On dirait un magasin des antiquités... Après trois morceaux en solo qui donnent déjà à entendre toutes les variations dont sa guitare est capable,   le rideau se lève, devant un Olympia médusé, sur l'Orchestrion de Pat Metheny... Même au concours Lépine, on n'a jamais vu ça : des portiques avec cymbales, cloches et percussions; des étagères sur lesquelles sont posées des bouteilles de liquides produisant différentes notes;un vibraphone, un marimba, un piano et deux guitares robotisées.Tous ces instruments sont actionnés à distance par le guitariste parallèlement à son travail de soliste.
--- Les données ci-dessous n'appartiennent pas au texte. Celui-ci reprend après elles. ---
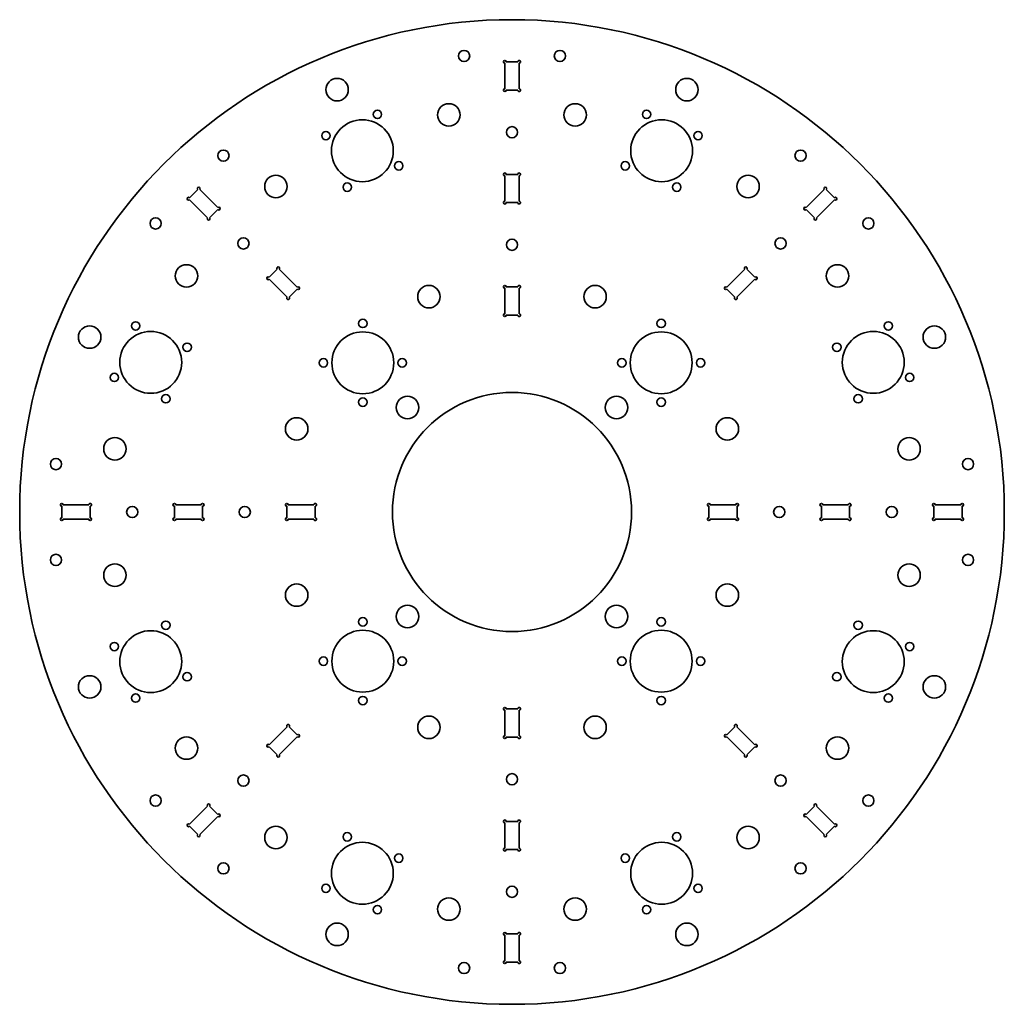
# Model space of a CAD drawing. Extents: x -70 to 280, y -26 to 324.
import ezdxf

# ---------------------------------------------------------------- set-up
doc = ezdxf.new("R2010")
doc.units = 0

msp = doc.modelspace()

# ---------------------------------------------------------------- linework, layer by layer
at = {"color": 7, "lineweight": 35, "ltscale": 0.22625}
for p, q in [((102.474998, 298.975006), (102.474998, 308.024994)), ((107.525002, 298.975006), (107.525002, 308.024994)), ((102.474998, 268.024994), (102.474998, 258.975006)), ((107.525002, 268.024994), (107.525002, 258.975006)), ((0.383553, 256.687347), (-6.015762, 263.08667)), ((209.616455, 256.687347), (216.015762, 263.08667)), ((-3.18734, 253.116455), (-9.586655, 259.515747)), ((22.268509, 234.802383), (28.667824, 228.403076)), ((187.731491, 234.802383), (181.332184, 228.403076)), ((18.697617, 231.231491), (25.096931, 224.832184)), ((191.302383, 231.231491), (184.903076, 224.832184)), ((102.474998, 218.975006), (102.474998, 228.024994)), ((107.525002, 218.975006), (107.525002, 228.024994)), ((-45.475006, 151.024994), (-54.524994, 151.024994)), ((-14.525002, 151.024994), (-5.474998, 151.024994)), ((34.525002, 151.024994), (25.474998, 151.024994)), ((175.475006, 151.024994), (184.524994, 151.024994)), ((224.524994, 151.024994), (215.475006, 151.024994)), ((255.475006, 151.024994), (264.524994, 151.024994)), ((-45.475006, 145.975006), (-54.524994, 145.975006)), ((-14.525002, 145.975006), (-5.474998, 145.975006)), ((34.525002, 145.975006), (25.474998, 145.975006)), ((175.475006, 145.975006), (184.524994, 145.975006)), ((224.524994, 145.975006), (215.475006, 145.975006)), ((255.475006, 145.975006), (264.524994, 145.975006)), ((102.474998, 78.025002), (102.474998, 68.974998)), ((107.525002, 78.025002), (107.525002, 68.974998)), ((18.697617, 65.768509), (25.096931, 72.167824)), ((191.302383, 65.768509), (184.903076, 72.167824)), ((22.268509, 62.197617), (28.667824, 68.596931)), ((187.731491, 62.197617), (181.332184, 68.596931)), ((-3.18734, 43.883553), (-9.586655, 37.484238)), ((213.187347, 43.883553), (219.586655, 37.484238)), ((0.383553, 40.31266), (-6.015762, 33.913345)), ((209.616455, 40.31266), (216.015762, 33.913345)), ((102.474998, 28.974998), (102.474998, 38.025002)), ((107.525002, 28.974998), (107.525002, 38.025002)), ((102.474998, -1.975006), (102.474998, -11.024994)), ((107.525002, -1.975006), (107.525002, -11.024994))]:
    msp.add_line(p, q, dxfattribs=at)
at = {"color": 7, "lineweight": 35, "ltscale": 0.10125}
for p, q in [((102.974998, 308.524994), (107.025002, 308.524994)), ((102.974998, 298.475006), (107.025002, 298.475006)), ((102.974998, 268.524994), (107.025002, 268.524994)), ((-9.586655, 260.22287), (-6.72287, 263.08667)), ((216.72287, 263.08667), (219.586655, 260.22287)), ((-2.480232, 253.116455), (0.383553, 255.980225)), ((102.974998, 258.475006), (107.025002, 258.475006)), ((209.616455, 255.980225), (212.480225, 253.116455)), ((18.697617, 231.938599), (21.561401, 234.802383)), ((188.438599, 234.802383), (191.302383, 231.938599)), ((25.804039, 224.832184), (28.667824, 227.695953)), ((102.974998, 228.524994), (107.025002, 228.524994)), ((181.332184, 227.695953), (184.195953, 224.832184)), ((102.974998, 218.475006), (107.025002, 218.475006)), ((-55.024994, 146.475006), (-55.024994, 150.524994)), ((-44.975006, 146.475006), (-44.975006, 150.524994)), ((-15.025002, 146.475006), (-15.025002, 150.524994)), ((-4.974998, 146.475006), (-4.974998, 150.524994)), ((24.974998, 146.475006), (24.974998, 150.524994)), ((35.025002, 146.475006), (35.025002, 150.524994)), ((174.975006, 150.524994), (174.975006, 146.475006)), ((185.024994, 150.524994), (185.024994, 146.475006)), ((214.975006, 150.524994), (214.975006, 146.475006)), ((225.024994, 150.524994), (225.024994, 146.475006)), ((254.975006, 150.524994), (254.975006, 146.475006)), ((265.024994, 150.524994), (265.024994, 146.475006)), ((107.025002, 78.525002), (102.974998, 78.525002)), ((28.667824, 69.304039), (25.804039, 72.167824)), ((184.195953, 72.167824), (181.332184, 69.304039)), ((107.025002, 68.474998), (102.974998, 68.474998)), ((21.561401, 62.197617), (18.697617, 65.061401)), ((191.302383, 65.061401), (188.438599, 62.197617)), ((0.383553, 41.019768), (-2.480232, 43.883553)), ((212.480225, 43.883553), (209.616455, 41.019768)), ((107.025002, 38.525002), (102.974998, 38.525002)), ((-6.72287, 33.913345), (-9.586655, 36.77713)), ((219.586655, 36.77713), (216.72287, 33.913345)), ((107.025002, 28.474998), (102.974998, 28.474998)), ((107.025002, -1.475006), (102.974998, -1.475006)), ((107.025002, -11.524994), (102.974998, -11.524994))]:
    msp.add_line(p, q, dxfattribs=at)
at = {"color": 7, "lineweight": 35, "ltscale": 0.226249}
msp.add_line((213.187347, 253.116455), (219.586655, 259.515747), dxfattribs=at)
at = {"color": 7, "lineweight": 35}
for centre, radius in [((105, 148.5), 175), ((87.961861, 310.607056), 2), ((122.038139, 310.607056), 2), ((42.813942, 298.630432), 4), ((167.186066, 298.630432), 4), ((57.16457, 289.853577), 1.5), ((82.526001, 289.643494), 4), ((127.473999, 289.643494), 4), ((152.835434, 289.853577), 1.5), ((51.807003, 276.91925), 11), ((158.192993, 276.91925), 11), ((38.872688, 282.276825), 1.5), ((105, 283.5), 2), ((171.127319, 282.276825), 1.5), ((2.420776, 275.174805), 2), ((207.579224, 275.174805), 2), ((64.741318, 271.561676), 1.5), ((145.258682, 271.561676), 1.5), ((21.088005, 264.195038), 4), ((188.911987, 264.195038), 4), ((46.449436, 263.984924), 1.5), ((163.550568, 263.984924), 1.5), ((-21.674789, 251.079224), 2), ((231.674789, 251.079224), 2), ((9.540581, 243.959412), 2), ((105, 243.5), 2), ((200.459412, 243.959412), 2), ((-10.69503, 232.411987), 4), ((220.695038, 232.411987), 4), ((75.478294, 225.044312), 4), ((134.521713, 225.044312), 4), ((51.966991, 215.53302), 1.5), ((158.033005, 215.53302), 1.5), ((-45.130417, 210.686066), 4), ((-28.776825, 214.627319), 1.5), ((238.776825, 214.627319), 1.5), ((255.130417, 210.686066), 4), ((-23.41925, 201.692993), 11), ((51.966991, 201.533005), 11), ((158.033005, 201.533005), 11), ((233.41925, 201.692993), 11), ((-10.48494, 207.050568), 1.5), ((220.48494, 207.050568), 1.5), ((37.966988, 201.533005), 1.5), ((65.966995, 201.533005), 1.5), ((144.033005, 201.533005), 1.5), ((172.03302, 201.533005), 1.5), ((-36.353561, 196.335434), 1.5), ((246.353561, 196.335434), 1.5), ((-18.061684, 188.758682), 1.5), ((51.966991, 187.533005), 1.5), ((105, 148.5), 42.5), ((67.876892, 185.623108), 4), ((142.123108, 185.623108), 4), ((158.033005, 187.533005), 1.5), ((228.061676, 188.758682), 1.5), ((28.455688, 178.021713), 4), ((181.544312, 178.021713), 4), ((-36.143478, 170.973999), 4), ((246.143478, 170.973999), 4), ((-57.107071, 165.538147), 2), ((267.107056, 165.538147), 2), ((-30, 148.5), 2), ((10, 148.5), 2), ((200, 148.5), 2), ((240, 148.5), 2), ((-57.107071, 131.461853), 2), ((267.107056, 131.461853), 2), ((-36.143478, 126.026001), 4), ((246.143478, 126.026001), 4), ((28.455688, 118.978294), 4), ((181.544312, 118.978294), 4), ((67.876892, 111.376892), 4), ((142.123108, 111.376892), 4), ((-18.061684, 108.241318), 1.5), ((51.966991, 109.466995), 1.5), ((158.033005, 109.466995), 1.5), ((228.061676, 108.241318), 1.5), ((-23.41925, 95.307007), 11), ((51.966991, 95.466995), 11), ((158.033005, 95.466995), 11), ((233.41925, 95.307007), 11), ((-36.353561, 100.664566), 1.5), ((246.353561, 100.664566), 1.5), ((37.966988, 95.466995), 1.5), ((65.966995, 95.466995), 1.5), ((144.033005, 95.466995), 1.5), ((172.03302, 95.466995), 1.5), ((-10.48494, 89.949432), 1.5), ((220.48494, 89.949432), 1.5), ((-45.130417, 86.313942), 4), ((255.130417, 86.313942), 4), ((-28.776825, 82.372688), 1.5), ((51.966991, 81.466988), 1.5), ((158.033005, 81.466988), 1.5), ((238.776825, 82.372688), 1.5), ((75.478294, 71.955688), 4), ((134.521713, 71.955688), 4), ((-10.69503, 64.588005), 4), ((220.695038, 64.588005), 4), ((9.540581, 53.040581), 2), ((105, 53.5), 2), ((200.459412, 53.040581), 2), ((-21.674789, 45.920776), 2), ((231.674789, 45.920776), 2), ((21.088005, 32.80497), 4), ((188.911987, 32.80497), 4), ((46.449436, 33.01506), 1.5), ((163.550568, 33.01506), 1.5), ((51.807003, 20.08075), 11), ((158.192993, 20.08075), 11), ((64.741318, 25.438316), 1.5), ((145.258682, 25.438316), 1.5), ((2.420776, 21.825211), 2), ((207.579224, 21.825211), 2), ((38.872688, 14.723175), 1.5), ((105, 13.5), 2), ((171.127319, 14.723175), 1.5), ((82.526001, 7.356522), 4), ((127.473999, 7.356522), 4), ((57.16457, 7.146439), 1.5), ((152.835434, 7.146439), 1.5), ((42.813942, -1.630417), 4), ((167.186066, -1.630417), 4), ((87.961861, -13.607071), 2), ((122.038139, -13.607071), 2)]:
    msp.add_circle(centre, radius, dxfattribs=at)
for centre, start, end in [((102.474998, 308.524994), 0, 269.999997), ((107.525002, 308.524994), 269.999997, 180.000005), ((102.474998, 298.475006), 90.000003, 360), ((107.525002, 298.475006), 179.999995, 90.000003), ((102.474998, 268.524994), 0, 269.999997), ((107.525002, 268.524994), 269.999997, 180.000005), ((-6.369316, 263.440216), 314.999999, 225), ((216.369324, 263.440216), 314.999999, 225), ((-9.940208, 259.869324), 45.000001, 314.999999), ((219.940216, 259.869324), 225, 135), ((0.737106, 256.333801), 225, 135), ((102.474998, 258.475006), 90.000003, 360), ((107.525002, 258.475006), 179.999995, 90.000003), ((209.262894, 256.333801), 45.000001, 314.999999), ((-2.833786, 252.762894), 135, 45.000001), ((212.833786, 252.762894), 135, 45.000001), ((21.914955, 235.155945), 314.999999, 225), ((188.085052, 235.155945), 314.999999, 225), ((18.344063, 231.585052), 45.000001, 314.999999), ((191.655945, 231.585052), 225, 135), ((29.021378, 228.049515), 225, 135), ((102.474998, 228.524994), 0, 269.999997), ((107.525002, 228.524994), 269.999997, 180.000005), ((180.978622, 228.049515), 45.000001, 314.999999), ((25.450485, 224.478622), 135, 45.000001), ((184.549515, 224.478622), 135, 45.000001), ((102.474998, 218.475006), 90.000003, 360), ((107.525002, 218.475006), 179.999995, 90.000003), ((-55.024994, 151.024994), 0, 269.999997), ((-44.975006, 151.024994), 269.999997, 180.000005), ((-15.025002, 151.024994), 0, 269.999997), ((-4.974998, 151.024994), 269.999997, 179.999995), ((24.974998, 151.024994), 360, 269.999997), ((35.025002, 151.024994), 269.999997, 180.000005), ((174.975006, 151.024994), 0, 269.999997), ((185.024994, 151.024994), 269.999997, 179.999995), ((214.975006, 151.024994), 360, 269.999997), ((225.024994, 151.024994), 269.999997, 180.000005), ((254.975006, 151.024994), 360, 269.999997), ((265.024994, 151.024994), 269.999997, 179.999995), ((-55.024994, 145.975006), 90.000003, 0), ((-44.975006, 145.975006), 180.000005, 90.000003), ((-15.025002, 145.975006), 90.000003, 360), ((-4.974998, 145.975006), 180.000005, 90.000003), ((24.974998, 145.975006), 90.000003, 0), ((35.025002, 145.975006), 179.999995, 90.000003), ((174.975006, 145.975006), 90.000003, 360), ((185.024994, 145.975006), 180.000005, 90.000003), ((214.975006, 145.975006), 90.000003, 0), ((225.024994, 145.975006), 179.999995, 90.000003), ((254.975006, 145.975006), 90.000003, 360), ((265.024994, 145.975006), 180.000005, 90.000003), ((102.474998, 78.525002), 0, 269.999997), ((107.525002, 78.525002), 269.999997, 180.000005), ((25.450485, 72.521378), 314.999999, 225), ((184.549515, 72.521378), 314.999999, 225), ((29.021378, 68.950485), 225, 135), ((102.474998, 68.474998), 90.000003, 360), ((107.525002, 68.474998), 179.999995, 90.000003), ((180.978622, 68.950485), 45.000001, 314.999999), ((18.344063, 65.414955), 45.000001, 314.999999), ((191.655945, 65.414955), 225, 135), ((21.914955, 61.844063), 135, 45.000001), ((188.085052, 61.844063), 135, 45.000001), ((-2.833786, 44.237106), 314.999999, 225), ((212.833786, 44.237106), 314.999999, 225), ((0.737106, 40.666214), 225, 135), ((102.474998, 38.525002), 0, 269.999997), ((107.525002, 38.525002), 269.999997, 180.000005), ((209.262894, 40.666214), 45.000001, 314.999999), ((-9.940208, 37.130684), 45.000001, 314.999999), ((219.940216, 37.130684), 225, 135), ((-6.369316, 33.559792), 135, 45.000001), ((216.369324, 33.559792), 135, 45.000001), ((102.474998, 28.474998), 90.000003, 360), ((107.525002, 28.474998), 179.999995, 90.000003), ((102.474998, -1.475006), 0, 269.999997), ((107.525002, -1.475006), 269.999997, 180.000005), ((102.474998, -11.524994), 90.000003, 360), ((107.525002, -11.524994), 179.999995, 90.000003)]:
    msp.add_arc(centre, 0.5, start, end, dxfattribs=at)

doc.saveas('drawing.dxf')

On ne saisit pas trop comment tout cela fonctionne ni comment vraiment faire la part des choses en ce qui est pré-programmé et ce qui participe de la musique live... L'Orchestrion était parait-il une trouvaille du 19ème siècle, un bric-à-brac multi-instrumental actionné par des cylindres rotatifs et des engins pneumatiques... Pat Metheny a enrobé tout cela dans une technologie dernier cri qui produit un son étonnant si on oublie un bref incident technique en début de 2ème partie du spectacle.

À vrai dire, c'est d'abord dans le registre de la fascination que le concert s'écoute et se "voit"... Cela clignote de partout,  les baguettes bougent toutes seules sur les cymbales... ça fait un peu peur aussi, surtout lorsque dans un jeu de scène magistral le guitariste disparait dans l'obscurité, laissant en pleine lumière des instruments livrés à eux-mêmes, comme s'ils étaient actionnés par des sidemen invisibles...Séquence sidérante, mais aussi un peu déshumanisante... Pat Metheny ne nous a jamais semblé, finalement, aussi seul que dans cet incroyable tête-à-tête avec une sorte de Frankenstein orchestral qui donne parfois l'illusion d'échapper à son créateur.

Le plus curieux, c'est après le concert. On rentre chez soi, on réécoute le disque où ont été gravées ces compositions pour orchestrion, et c'est beaucoup plus soyeux qu'avant le concert: on plane sur ces cinq morceaux tout en suspension, fignolés à l'aquarelle, avec une ligne mélodique parfois bluesy ("Soul Search"), pleine de douceur et de sensibilité ("Entry Point"), et dont la charpente harmonique est un régal pour tous les mélomanes qui ne se résignent pas aux swingueries monocordes ("Spirit of the Air")... Ramené aux mensurations d'un simple CD, l'Orchestrion de Metheny sonne peut-être plus classique, mais dans la sérénité qui émane des enceintes d'une mini-chaîne, on est certain, cette fois-ci, que Frankestein ne s'échappera plus.